[Klaud Cold] Add minimaxm3-fp4-mi355x-atom by indianspeedster · Pull Request #1812 · SemiAnalysisAI/InferenceX

indianspeedster · 2026-06-17T19:20:10Z

Summary

Adds the minimaxm3-fp4-mi355x-atom config — MiniMax-M3 MXFP4 (amd/MiniMax-M3-MXFP4) on MI355X, single-node atom engine — for the 1k/1k and 8k/1k fixed-seq-len cells, TP4.

Follows the ROCm/ATOM MiniMax-M3 recipe (FP4 on 4×MI355 section).

.github/configs/amd-master.yaml: new config entry + search space (TP4, conc 1→128, image rocm/atom-dev:M3).
benchmarks/single_node/fixed_seq_len/minimaxm3_fp4_mi355x_atom.sh: atom serve script — --block-size 128 (mandatory for MiniMax MSA), --gpu-memory-utilization 0.8, --trust-remote-code. KV cache left at the default dtype: this MXFP4 checkpoint ships no calibrated FP8 KV scales, so --kv_cache_dtype fp8 asserts (k_scale is None) in the MSA fused_qknorm kernel during init.
runners/launch_mi355x-amds.sh: route amd/MiniMax-M3* weights to the NFS cache (alongside the existing MiniMaxAI/MiniMax-M3* rule).
perf-changelog entry.

Validation

generate_sweep_configs.py test-config → 16 configs: minimaxm3_1k1k and minimaxm3_8k1k, each TP4 at conc {1,2,4,8,16,32,64,128}; max-model-len = 2304 (1k1k) / 9472 (8k1k); framework atom.
Smoke-tested on real MI355X hardware (TP4 / conc-1 / 1k1k): atom server came up across 4 ranks, served, and the benchmark wrote a well-formed result JSON.

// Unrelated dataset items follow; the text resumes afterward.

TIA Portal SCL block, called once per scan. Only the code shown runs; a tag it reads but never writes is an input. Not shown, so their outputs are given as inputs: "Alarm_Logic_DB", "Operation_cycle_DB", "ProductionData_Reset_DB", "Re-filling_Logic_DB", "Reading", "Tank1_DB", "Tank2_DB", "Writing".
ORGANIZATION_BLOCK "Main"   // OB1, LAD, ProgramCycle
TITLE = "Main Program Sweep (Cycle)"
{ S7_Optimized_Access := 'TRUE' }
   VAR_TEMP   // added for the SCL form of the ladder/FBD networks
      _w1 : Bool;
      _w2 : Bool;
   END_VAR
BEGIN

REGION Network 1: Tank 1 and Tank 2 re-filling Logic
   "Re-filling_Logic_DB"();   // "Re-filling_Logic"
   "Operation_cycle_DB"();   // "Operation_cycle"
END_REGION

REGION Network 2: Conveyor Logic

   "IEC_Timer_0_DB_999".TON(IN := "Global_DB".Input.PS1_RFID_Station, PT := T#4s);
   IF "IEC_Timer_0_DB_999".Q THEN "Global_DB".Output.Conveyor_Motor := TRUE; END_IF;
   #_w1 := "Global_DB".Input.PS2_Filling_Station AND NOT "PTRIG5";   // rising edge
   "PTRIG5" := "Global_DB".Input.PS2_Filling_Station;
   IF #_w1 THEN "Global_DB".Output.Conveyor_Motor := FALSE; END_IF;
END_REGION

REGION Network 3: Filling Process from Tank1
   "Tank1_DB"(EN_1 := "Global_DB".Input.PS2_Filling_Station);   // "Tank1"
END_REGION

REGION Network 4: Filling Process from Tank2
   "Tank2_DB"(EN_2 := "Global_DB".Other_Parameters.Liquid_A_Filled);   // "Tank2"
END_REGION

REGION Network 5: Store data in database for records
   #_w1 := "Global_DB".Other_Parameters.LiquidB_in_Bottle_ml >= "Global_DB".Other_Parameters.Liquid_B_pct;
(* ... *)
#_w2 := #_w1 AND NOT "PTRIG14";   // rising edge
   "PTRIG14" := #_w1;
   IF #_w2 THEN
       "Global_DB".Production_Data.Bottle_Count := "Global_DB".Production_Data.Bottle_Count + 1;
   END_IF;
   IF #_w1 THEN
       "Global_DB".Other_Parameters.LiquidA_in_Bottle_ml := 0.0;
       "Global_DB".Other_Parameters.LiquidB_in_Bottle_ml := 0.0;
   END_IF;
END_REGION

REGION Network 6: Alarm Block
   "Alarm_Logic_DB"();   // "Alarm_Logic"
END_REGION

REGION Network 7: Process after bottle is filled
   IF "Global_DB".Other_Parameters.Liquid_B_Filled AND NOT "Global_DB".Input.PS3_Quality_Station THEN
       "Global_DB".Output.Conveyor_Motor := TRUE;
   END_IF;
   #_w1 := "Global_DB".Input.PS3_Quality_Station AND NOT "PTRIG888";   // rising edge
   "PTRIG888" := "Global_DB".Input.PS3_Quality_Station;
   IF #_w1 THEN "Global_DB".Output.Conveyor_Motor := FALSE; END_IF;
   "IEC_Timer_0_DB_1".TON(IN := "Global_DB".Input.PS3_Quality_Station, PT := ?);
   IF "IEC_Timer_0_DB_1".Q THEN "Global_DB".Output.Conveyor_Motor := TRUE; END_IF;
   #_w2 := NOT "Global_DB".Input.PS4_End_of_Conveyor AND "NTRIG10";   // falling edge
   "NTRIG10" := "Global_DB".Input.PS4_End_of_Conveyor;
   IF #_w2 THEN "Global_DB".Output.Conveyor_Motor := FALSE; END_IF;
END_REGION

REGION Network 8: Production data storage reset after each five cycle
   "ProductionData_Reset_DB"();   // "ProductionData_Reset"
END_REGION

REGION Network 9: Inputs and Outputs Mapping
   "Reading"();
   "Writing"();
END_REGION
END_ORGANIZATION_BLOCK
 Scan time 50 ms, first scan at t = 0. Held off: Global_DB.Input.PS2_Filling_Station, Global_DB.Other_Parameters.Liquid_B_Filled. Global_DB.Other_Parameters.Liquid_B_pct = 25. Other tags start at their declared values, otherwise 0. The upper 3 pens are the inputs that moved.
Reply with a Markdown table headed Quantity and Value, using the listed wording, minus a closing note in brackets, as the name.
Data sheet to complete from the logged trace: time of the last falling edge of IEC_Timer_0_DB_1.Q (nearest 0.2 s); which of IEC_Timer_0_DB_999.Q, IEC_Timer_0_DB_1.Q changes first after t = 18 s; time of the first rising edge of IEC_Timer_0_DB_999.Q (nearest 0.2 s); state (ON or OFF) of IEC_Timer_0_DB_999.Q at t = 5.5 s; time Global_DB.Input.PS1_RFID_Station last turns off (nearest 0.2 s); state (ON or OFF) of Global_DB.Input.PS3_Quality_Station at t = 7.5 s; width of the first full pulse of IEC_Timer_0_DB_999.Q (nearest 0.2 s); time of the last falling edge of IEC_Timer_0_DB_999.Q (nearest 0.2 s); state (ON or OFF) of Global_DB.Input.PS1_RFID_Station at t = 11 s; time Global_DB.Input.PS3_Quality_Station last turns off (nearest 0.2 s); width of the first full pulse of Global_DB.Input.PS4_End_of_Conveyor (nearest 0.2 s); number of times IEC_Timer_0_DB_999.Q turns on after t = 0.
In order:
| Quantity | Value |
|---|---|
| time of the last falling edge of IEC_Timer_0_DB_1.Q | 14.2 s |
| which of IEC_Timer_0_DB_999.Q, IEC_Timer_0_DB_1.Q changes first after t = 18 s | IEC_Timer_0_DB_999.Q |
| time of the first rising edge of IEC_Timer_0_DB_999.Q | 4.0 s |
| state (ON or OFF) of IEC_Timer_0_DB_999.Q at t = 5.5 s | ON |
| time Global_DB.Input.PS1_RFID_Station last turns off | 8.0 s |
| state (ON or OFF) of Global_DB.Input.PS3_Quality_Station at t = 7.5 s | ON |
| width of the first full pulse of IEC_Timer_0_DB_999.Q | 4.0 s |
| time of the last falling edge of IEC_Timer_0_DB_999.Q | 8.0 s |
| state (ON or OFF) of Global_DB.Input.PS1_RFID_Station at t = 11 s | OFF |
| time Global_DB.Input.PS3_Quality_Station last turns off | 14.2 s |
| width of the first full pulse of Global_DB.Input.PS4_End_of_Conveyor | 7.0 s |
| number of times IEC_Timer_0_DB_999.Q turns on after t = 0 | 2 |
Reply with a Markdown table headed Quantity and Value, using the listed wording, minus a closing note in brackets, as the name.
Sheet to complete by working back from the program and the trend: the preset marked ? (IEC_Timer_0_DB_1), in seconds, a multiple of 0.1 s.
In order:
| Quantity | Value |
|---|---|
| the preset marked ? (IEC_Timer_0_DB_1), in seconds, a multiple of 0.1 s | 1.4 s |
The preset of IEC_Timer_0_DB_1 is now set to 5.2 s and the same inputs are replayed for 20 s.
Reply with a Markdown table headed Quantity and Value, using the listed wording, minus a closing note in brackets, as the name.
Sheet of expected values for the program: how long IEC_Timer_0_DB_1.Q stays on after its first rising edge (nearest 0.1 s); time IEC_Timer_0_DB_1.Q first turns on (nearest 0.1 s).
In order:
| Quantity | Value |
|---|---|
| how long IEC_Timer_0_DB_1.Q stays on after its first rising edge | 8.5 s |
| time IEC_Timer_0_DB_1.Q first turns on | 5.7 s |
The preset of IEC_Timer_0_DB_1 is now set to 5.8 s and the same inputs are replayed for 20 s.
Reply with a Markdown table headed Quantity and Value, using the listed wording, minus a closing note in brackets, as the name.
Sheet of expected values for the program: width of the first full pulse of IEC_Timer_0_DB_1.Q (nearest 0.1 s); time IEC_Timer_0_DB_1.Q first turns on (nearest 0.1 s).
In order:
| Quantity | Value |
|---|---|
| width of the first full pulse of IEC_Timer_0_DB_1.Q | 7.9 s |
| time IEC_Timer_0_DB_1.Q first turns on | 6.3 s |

🤖 Generated with Claude Code

Note

Low Risk
Benchmark and launch-routing changes only; no production serving or auth paths touched.

Overview
Adds day-zero fixed-seq-len benchmarking for MiniMax-M3 MXFP4 (amd/MiniMax-M3-MXFP4) on MI355X using the ATOM engine (minimaxm3-fp4-mi355x-atom).

The new amd-master.yaml entry uses image rocm/atom-dev:M3, TP4, concurrency 1→128, and 1k/1k and 8k/1k cells per the ROCm/ATOM recipe. A new serve script starts atom.entrypoints.openai_server with --block-size 128 (MSA requirement), 0.8 GPU memory utilization, and default KV cache dtype (no FP8 KV — the MXFP4 checkpoint has no calibrated scales). launch_mi355x-amds.sh now NFS-mounts weights for amd/MiniMax-M3* as well as MiniMaxAI/MiniMax-M3*. perf-changelog documents the new config key.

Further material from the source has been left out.